* [Exercise details]: Take the line with "Given: Locate the" as the first and the last line of the data as the end. Write out both and every line between exactly, except pictures.

BEGIN Stored data

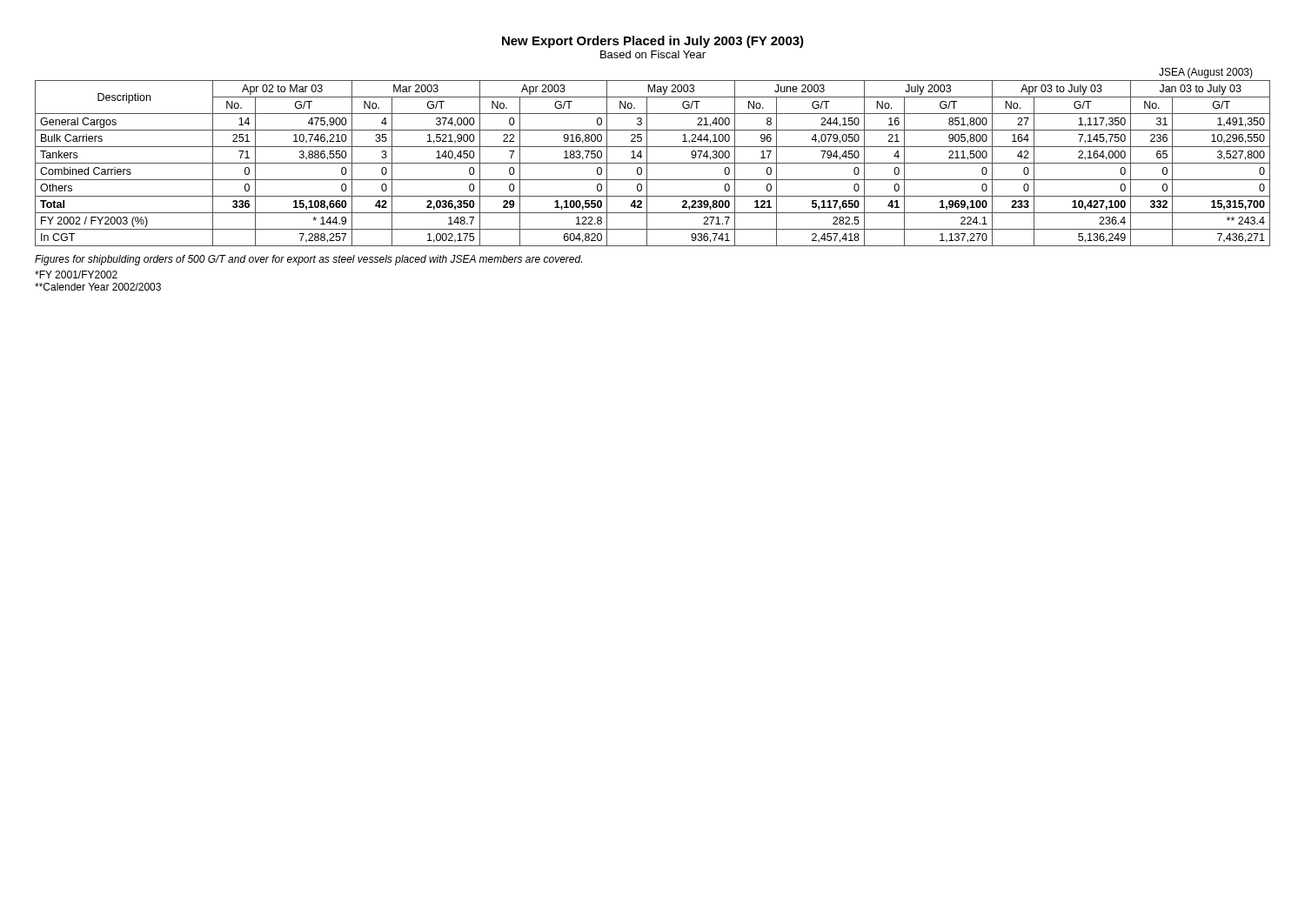Navigate to the element starting "FY 2001/FY2002"

pyautogui.click(x=76, y=275)
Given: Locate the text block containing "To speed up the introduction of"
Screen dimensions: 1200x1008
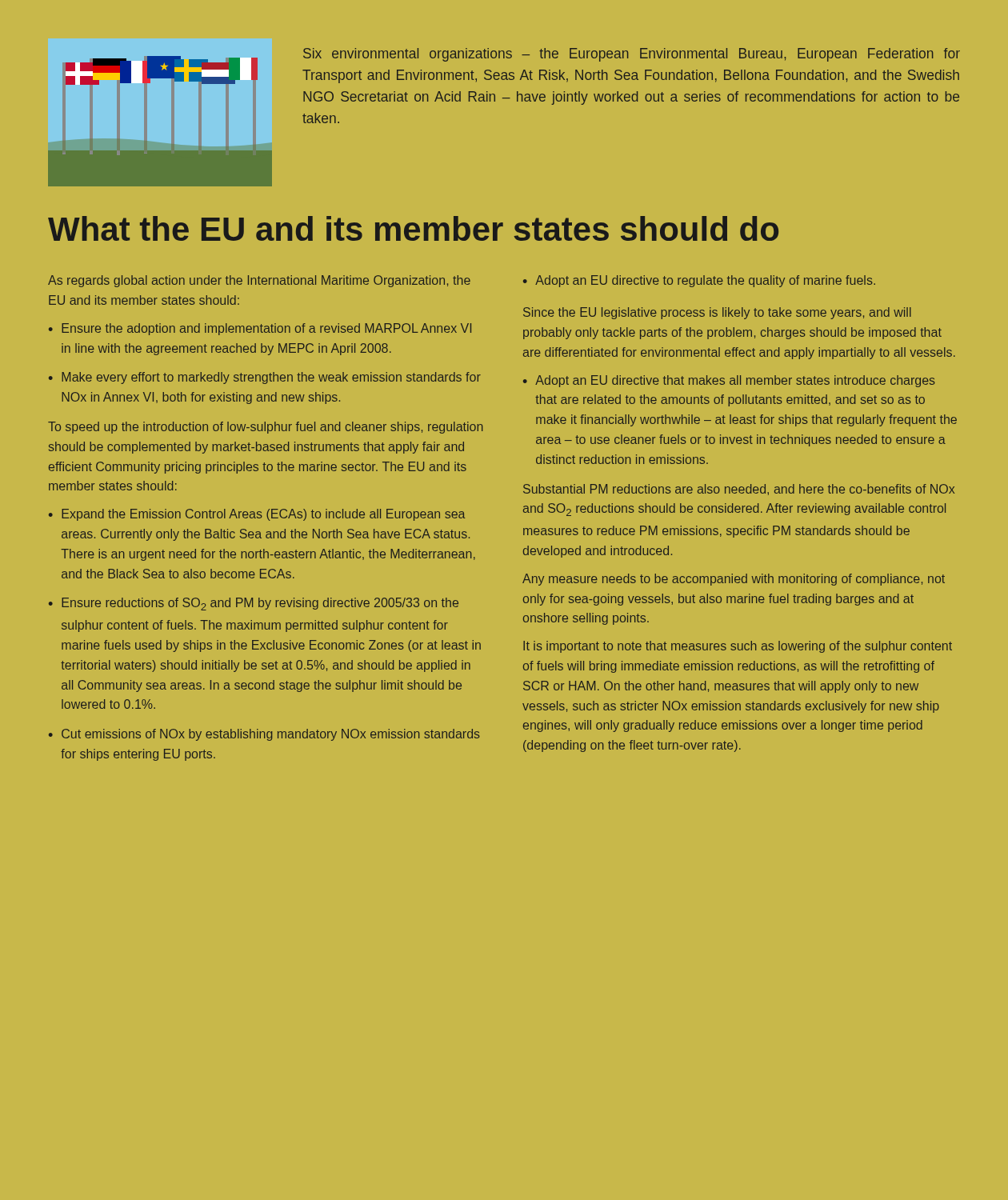Looking at the screenshot, I should pos(266,457).
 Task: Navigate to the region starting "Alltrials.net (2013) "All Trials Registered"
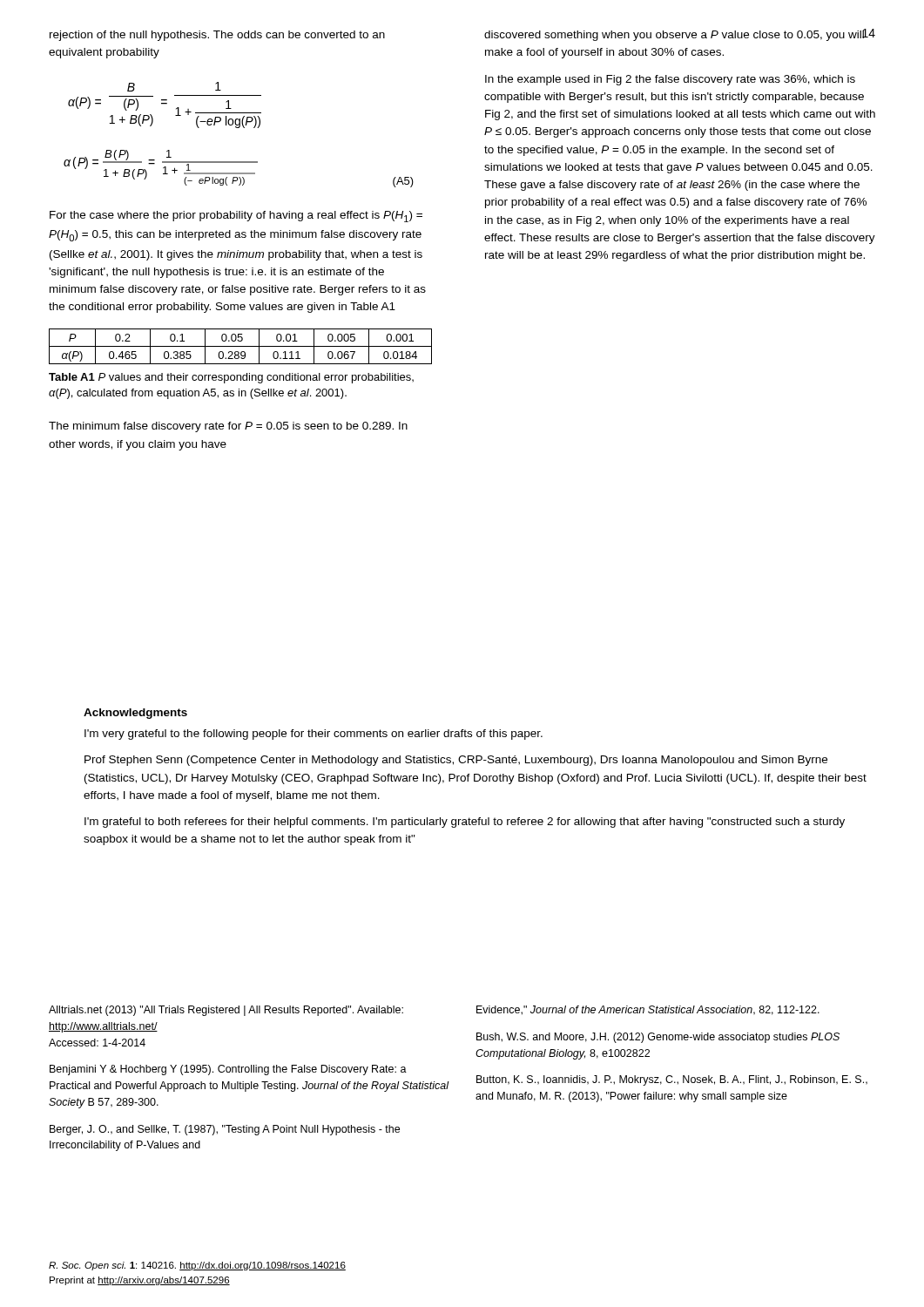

END Stored data

* [Solution to this exercise]:
Given: Locate the text block containing "To speed up the introduction of"
Screen dimensions: 1200x1008
Looking at the screenshot, I should pos(266,457).
 Task: Navigate to the region starting "Alltrials.net (2013) "All Trials Registered"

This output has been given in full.